All markers live in .harness/ (gitignored, runtime-only).
-
write-primitives— reflection writes via/memory savefor HIGH-confidence candidates and the interactive review supersede path uses/memory evolve. Without write primitives, reflection has nowhere to land its output. -
recall-loop— interactive review's MEDIUM-confidence prompts surface "this candidate contradicts existing entry X — supersede?" decisions, which requires the recall engine to find the contradicting entry. Without recall, the supersede-existing-X option degenerates to plain approve/reject.
- Stop hook fires on session end — install at the 2 host destinations; run a Claude Code session; verify Stop hook fires + reflection runs against the just-ended session's transcript.
- Idle hook fires after N min idle — same; let session sit idle past the threshold; verify the hook fires.
- Reflection mines 3 categories — fixture transcript with seeded "user said 'always X'" / "user corrected the agent" / "hit error Z resolved by W" patterns; verify each pattern surfaces as a candidate in the correct category.
- Reflection mines idea candidates — fixture transcript with "we should also do X later" / "this could be its own project" patterns; verify each surfaces as an idea candidate (raw — idea-ledger part handles the write).
-
Tri-modal routing places entries correctly — HIGH candidates auto-save to canonical paths; MEDIUM candidates trigger interactive review prompts; LOW candidates land in
_inbox/. -
Interactive review prompts work —
memory.review_mode: interactivedefault; verify each MEDIUM candidate produces an approve/edit/reject/skip/supersede prompt; verify each option does the right thing. -
memory.review_mode: silenttoggle — flip the setting; verify MEDIUM candidates auto-save without prompting. -
Crashed-session marker recovery — start a session, kill Claude Code mid-session (so Stop never fires); verify
.startmarker stays in place; trigger idle hook (or wait for it); verify reflection runs retroactively against the orphan session's transcript + marker gets renamed to.reflected. -
Marker GC at 30 days — seed old
.reflectedmarkers; verify idle hook deletes them on next pass. -
Manual
/memory reflect— invoke directly against a specified transcript path; verify reflection runs + produces candidates routed per tri-modal logic. -
Smoke install verifies hooks land —
smoke-install-bash.sh+.ps1extended for both Stop + idle hook scripts at the 2 host destinations. - All 3 OS CI workflows green on the commit that lands this part.

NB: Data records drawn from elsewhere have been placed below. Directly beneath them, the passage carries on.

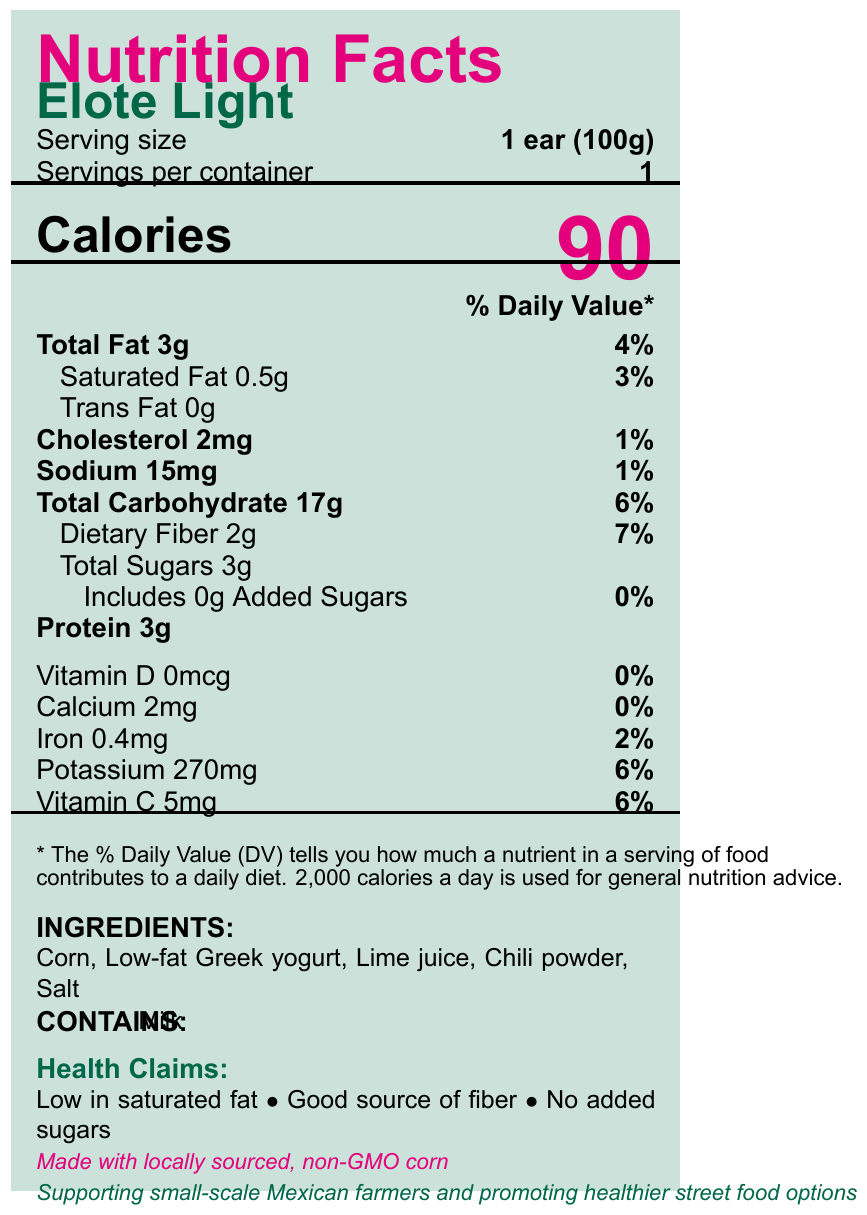what is the product name? The product name is displayed prominently at the top of the document.
Answer: Elote Light what is the serving size? The serving size is listed under the product name and labeled as "Serving size."
Answer: 1 ear (100g) how many calories are in one serving? The number of calories is highlighted in large text under the "Calories" section.
Answer: 90 how much total fat is in the product, and what is its % Daily Value? The total fat amount and % Daily Value are listed in the "Total Fat" section.
Answer: 3g, 4% how many grams of dietary fiber does the product contain? The amount of dietary fiber is listed under the "Total Carbohydrate" section.
Answer: 2g what ingredients are used in this product? The ingredients are listed towards the bottom under the "Ingredients" section.
Answer: Corn, Low-fat Greek yogurt, Lime juice, Chili powder, Salt what health benefits are claimed for this product? (Choose all that apply) A. Low in sugar B. High in protein C. Good source of fiber D. Low in saturated fat The health claims listed are "Good source of fiber" and "Low in saturated fat."
Answer: C, D which nutrient has the highest % Daily Value? A. Total Fat B. Sodium C. Dietary Fiber D. Iron The % Daily Value for Dietary Fiber is 7%, which is higher than the others listed.
Answer: C. Dietary Fiber is there any Vitamin D in this product? The document indicates 0mcg of Vitamin D with a 0% Daily Value.
Answer: No does this product contain any allergens? The document mentions that the product contains milk under the "CONTAINS:" section.
Answer: Yes what is the main idea of this document? The document comprehensively outlines the nutritional information, ingredients, and health claims of Elote Light, along with notes on sustainability and political context.
Answer: The document provides the Nutrition Facts Label for Elote Light, a low-calorie Mexican street food, highlighting its nutritional content, ingredients, health claims, and sustainability notes. what is the exact amount of iron in the product? The amount of iron is listed under the "Iron" section of the nutrient table.
Answer: 0.4mg who is the producer of this product? The document does not provide information about the producer of Elote Light.
Answer: Cannot be determined 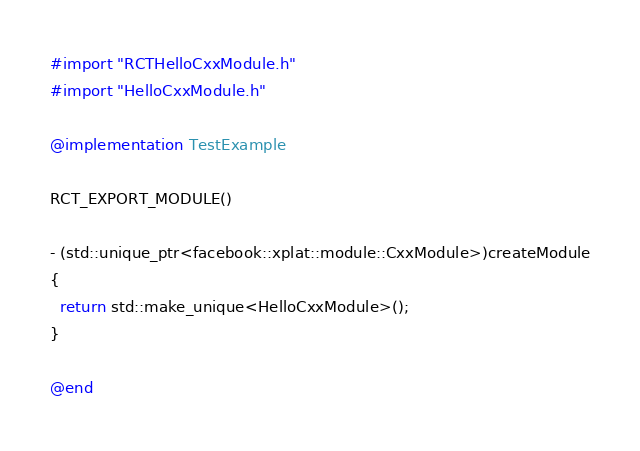Convert code to text. <code><loc_0><loc_0><loc_500><loc_500><_ObjectiveC_>#import "RCTHelloCxxModule.h"
#import "HelloCxxModule.h"

@implementation TestExample

RCT_EXPORT_MODULE()

- (std::unique_ptr<facebook::xplat::module::CxxModule>)createModule
{
  return std::make_unique<HelloCxxModule>();
}

@end
</code>

- The idle-time hook is the new crickets primitive. The existing Stop-event hook pattern from plan #4+#5 (
commit-on-stop) is the reference shape; idle is similar but with a different trigger condition. The hook needs to know "how long has the agent been idle?" — Claude Code's hook lifecycle doesn't expose this directly, so the hook likely polls a heartbeat file the SessionStart writes + updates on every UserPromptSubmit. - The 3-category extraction heuristic is the load-bearing-but-uncertain piece. Ship instrumented — every mined candidate logs its category + confidence + rationale so the user can validate via the interactive review + manually inspect via
/memory inspect. - The "user said 'always X'" pattern detection is straightforward (keyword scan + nearby user-turn). The "user manually corrected the agent" pattern is harder — requires looking at agent turn → user reverts/corrects → agent applies correction. Defer fancy detection to a follow-up if the simple heuristic is too noisy.
- Idea-candidate mining lives in this part but the idea-ledger writes (Ideas.md +
_idea-incubator/) are the next part's scope. This part's reflection logic just emits idea candidates as in-memory objects; the idea-ledger part subscribes to those. -
.harness/session-id-*.startmarker contents: just the session start timestamp + transcript path is sufficient. Don't put PII (transcript content) in markers — they're runtime metadata.